Problem 6. Is it worth it? Andy is always looking for ways to make money fast. Lately, he has been trying to make money by gambling. Here is the game he is considering playing: The game costs 2 dollars to play. He draws a card from a deck. If he gets a number card (2-10), he wins nothing. For any face card (jack, queen or king), he wins 3 dollars. For any ace, he wins 5 dollars and he wins an extra $20 if he draws the ace of clubs.

# (a) Create a probability model and find Andy's expected profit per game.
deck <- 52 # a deck has 52 cards
numCard <- 9*4/deck # prob of drawing a number card (2-10)
faceCard <- 3*4/deck # prob of drawing a face card
aceCard <- 3/deck # prob of drawing an ace except for ace of clubs
clubAce <- 1/deck # prob of drawing the ace of clubs

profit <- 0*numCard + 3*faceCard + 5*aceCard + (5+20)*clubAce - 2
paste("Andy's expected profit per game is $", round(profit,2))
## [1] "Andy's expected profit per game is $ -0.54"
# (b) Would you recommend this game to Andy as a good way to make money? Explain.
ifelse(profit>0, "I'd recommend this game to Andy because its expected profit is positive. He could've made some money out of it.", "I'd not recommend this game to Andy because its expected profit is negative. He could've lost money.")
## [1] "I'd not recommend this game to Andy because its expected profit is negative. He could've lost money."

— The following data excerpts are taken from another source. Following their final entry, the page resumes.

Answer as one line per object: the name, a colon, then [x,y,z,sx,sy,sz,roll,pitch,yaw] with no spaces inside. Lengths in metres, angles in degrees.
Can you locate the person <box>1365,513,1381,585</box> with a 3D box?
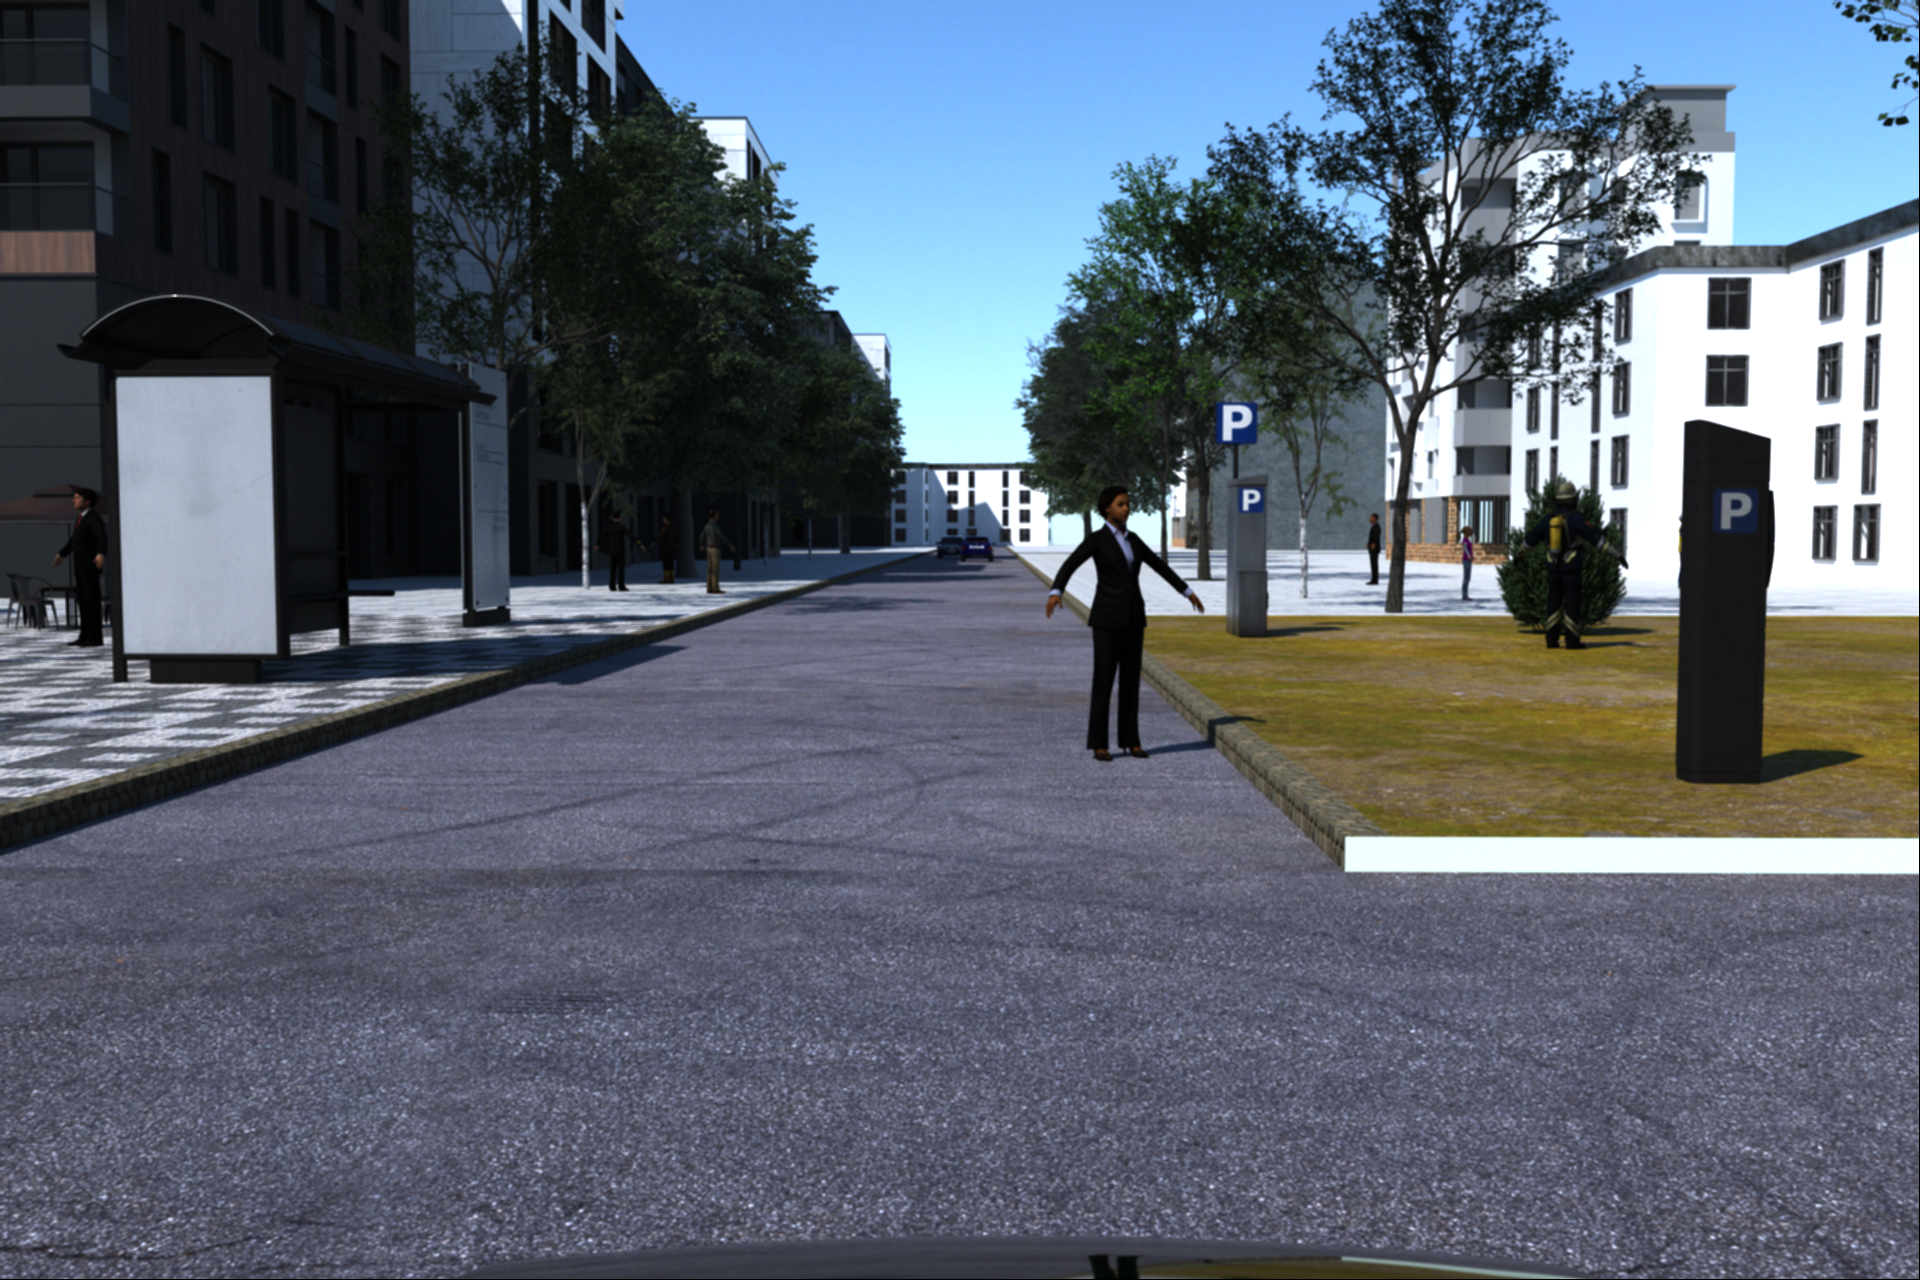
person: [10.464,-2.302,43.865,0.704,1.802,1.346,0,4,8]

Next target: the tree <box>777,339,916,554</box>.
tree: [-7.426,-12.602,112.706,9.857,13.997,8.962,0,3,0]

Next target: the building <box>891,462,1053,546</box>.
building: [-3.409,-15.848,203.723,28.070,9.664,9.099,1,4,10]

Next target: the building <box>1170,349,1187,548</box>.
building: [26.272,-19.378,173.257,16.016,20.090,11.380,0,4,1]

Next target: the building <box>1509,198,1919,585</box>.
building: [24.784,-6.636,50.638,9.099,9.664,28.070,0,4,1]

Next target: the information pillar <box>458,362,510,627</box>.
information pillar: [-6.714,-2.029,24.492,0.184,3.620,1.656,0,4,2]

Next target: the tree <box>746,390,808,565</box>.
tree: [-7.948,-7.340,70.370,4.737,8.622,4.395,0,3,0]

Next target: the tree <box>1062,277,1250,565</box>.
tree: [7.194,-7.873,63.134,7.601,10.594,8.767,-1,4,-23]

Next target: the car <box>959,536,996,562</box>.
car: [0.892,-4.753,90.288,1.945,1.354,3.894,0,4,1]

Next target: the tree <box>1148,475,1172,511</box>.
tree: [26.222,-17.707,199.879,12.009,13.543,11.850,0,3,0]

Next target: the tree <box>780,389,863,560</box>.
tree: [-7.731,-8.329,86.537,4.360,8.622,3.978,0,3,0]

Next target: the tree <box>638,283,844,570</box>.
tree: [-7.700,-7.755,61.213,8.767,10.594,7.601,2,4,26]

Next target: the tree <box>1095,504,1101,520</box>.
tree: [16.936,-15.131,197.750,4.737,8.622,4.395,0,3,0]

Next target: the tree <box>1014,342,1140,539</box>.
tree: [8.042,-12.354,108.649,9.857,13.997,8.962,0,3,0]

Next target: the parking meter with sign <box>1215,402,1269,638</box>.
parking meter with sign: [3.653,-1.586,22.195,0.543,3.016,1.738,0,4,0]

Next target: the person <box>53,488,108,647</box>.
person: [-9.993,-0.831,19.780,1.347,1.806,0.705,3,5,43]

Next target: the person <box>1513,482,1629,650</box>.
person: [6.776,-0.830,19.357,0.705,1.856,1.354,-3,5,-43]

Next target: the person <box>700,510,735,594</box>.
person: [-5.290,-1.901,37.354,0.705,1.796,1.348,-3,5,-39]

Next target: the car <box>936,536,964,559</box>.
car: [-0.448,-5.507,102.619,1.945,1.354,3.894,0,4,1]

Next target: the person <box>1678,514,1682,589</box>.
person: [17.043,-2.085,40.556,0.721,1.772,1.216,2,4,24]

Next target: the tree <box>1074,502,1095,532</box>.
tree: [15.147,-15.409,202.307,4.360,8.622,3.978,0,3,0]

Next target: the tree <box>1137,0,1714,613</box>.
tree: [7.034,-5.698,27.571,8.767,10.594,7.601,0,4,2]

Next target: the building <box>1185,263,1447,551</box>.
building: [29.011,-19.099,143.194,19.493,23.208,18.063,0,4,1]

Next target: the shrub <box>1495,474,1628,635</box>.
shrub: [7.704,-1.110,22.190,1.661,2.075,1.752,0,3,0]

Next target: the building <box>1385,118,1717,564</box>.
building: [26.447,-14.001,85.332,16.016,20.090,11.380,0,4,1]

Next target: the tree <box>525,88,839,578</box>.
tree: [-8.010,-8.785,50.294,9.857,13.997,8.962,0,3,0]

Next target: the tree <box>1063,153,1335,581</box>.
tree: [6.651,-7.454,47.623,9.928,11.665,9.643,0,3,0]

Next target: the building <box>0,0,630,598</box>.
building: [-27.065,-12.621,50.321,27.936,21.610,32.646,0,4,2]

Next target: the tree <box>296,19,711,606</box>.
tree: [-7.930,-5.895,30.803,7.601,10.594,8.767,-2,4,-33]

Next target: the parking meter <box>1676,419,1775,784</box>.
parking meter: [3.957,-0.198,8.956,0.399,1.863,0.255,0,4,2]

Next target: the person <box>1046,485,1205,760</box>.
person: [1.042,-0.111,10.992,1.216,1.740,0.721,-2,4,-31]

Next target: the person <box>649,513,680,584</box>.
person: [-7.587,-2.366,44.822,0.704,1.812,1.346,2,4,23]

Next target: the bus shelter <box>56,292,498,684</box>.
bus shelter: [-6.445,-1.429,17.291,2.014,3.302,5.546,0,4,2]

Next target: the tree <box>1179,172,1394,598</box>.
tree: [7.073,-5.152,34.592,4.360,8.622,3.978,0,3,0]

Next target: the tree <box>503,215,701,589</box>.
tree: [-8.889,-5.482,39.996,4.360,8.622,3.978,0,3,0]

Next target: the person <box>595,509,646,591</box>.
person: [-7.677,-2.016,38.888,1.347,1.837,0.705,2,4,24]

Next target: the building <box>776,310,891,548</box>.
building: [-21.589,-20.232,174.776,27.936,21.610,32.646,0,4,0]

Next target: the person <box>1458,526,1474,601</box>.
person: [9.796,-1.467,33.249,0.599,1.433,0.991,1,4,19]

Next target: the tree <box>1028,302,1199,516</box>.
tree: [8.283,-11.349,92.211,9.857,13.997,8.962,0,3,0]

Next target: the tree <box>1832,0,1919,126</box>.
tree: [19.947,-10.489,27.389,12.611,20.169,13.585,0,3,0]

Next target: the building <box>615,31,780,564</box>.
building: [-24.405,-14.628,83.138,27.936,21.610,32.646,0,4,0]

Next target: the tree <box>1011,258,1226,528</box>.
tree: [7.300,-10.198,77.113,12.009,13.543,11.850,0,3,0]

Problem 7. Scooping ice cream. Ice cream usually comes in 1.5 quart boxes (48 fluid ounces), and ice cream scoops hold about 2 ounces. However, there is some variability in the amount of ice cream in a box as well as the amount of ice cream scooped out. We represent the amount of ice cream in the box as X and the amount scooped out as Y . Suppose these random variables have the following means, standard deviations, and variances:

mymat3=matrix(c(48,1,1, 2,.25,.0625), nrow=2, byrow=TRUE)
colnames(mymat3)=c("mean", "SD", "Var")
rownames(mymat3)=c("X, In Box","Y, Scooped")
mymat3
##            mean   SD    Var
## X, In Box    48 1.00 1.0000
## Y, Scooped    2 0.25 0.0625
# (a) An entire box of ice cream, plus 3 scoops from a second box is served at a party. How much ice cream do you expect to have been served at this party? What is the standard deviation of the amount of ice cream served?
paste("I expect", 48+3*2, "ounces of ice cream have been served at this party.")
## [1] "I expect 54 ounces of ice cream have been served at this party."
paste("The standard deviation of the amount of ice cream served is", round(sqrt(1+.0625*3),4))
## [1] "The standard deviation of the amount of ice cream served is 1.0897"
# (b) How much ice cream would you expect to be left in the box after scooping out one scoop of ice cream? That is, find the expected value of X ??? Y . What is the standard deviation of the amount left in the box?
paste("I expect", 48-2, "ounces of ice cream left in the box after scooping out one scoop.")
## [1] "I expect 46 ounces of ice cream left in the box after scooping out one scoop."
paste("The standard deviation of the amount left in the box is", round(sqrt(1+0.0625),4))
## [1] "The standard deviation of the amount left in the box is 1.0308"
# (c) Using the context of this exercise, explain why we add variances when we subtract one random variable from another.
print("We add variances when we subtract Y from X because each change in the box(scoop out or scoop in ice cream) is going to affect the stability and thus add more variance to the whole.")
## [1] "We add variances when we subtract Y from X because each change in the box(scoop out or scoop in ice cream) is going to affect the stability and thus add more variance to the whole."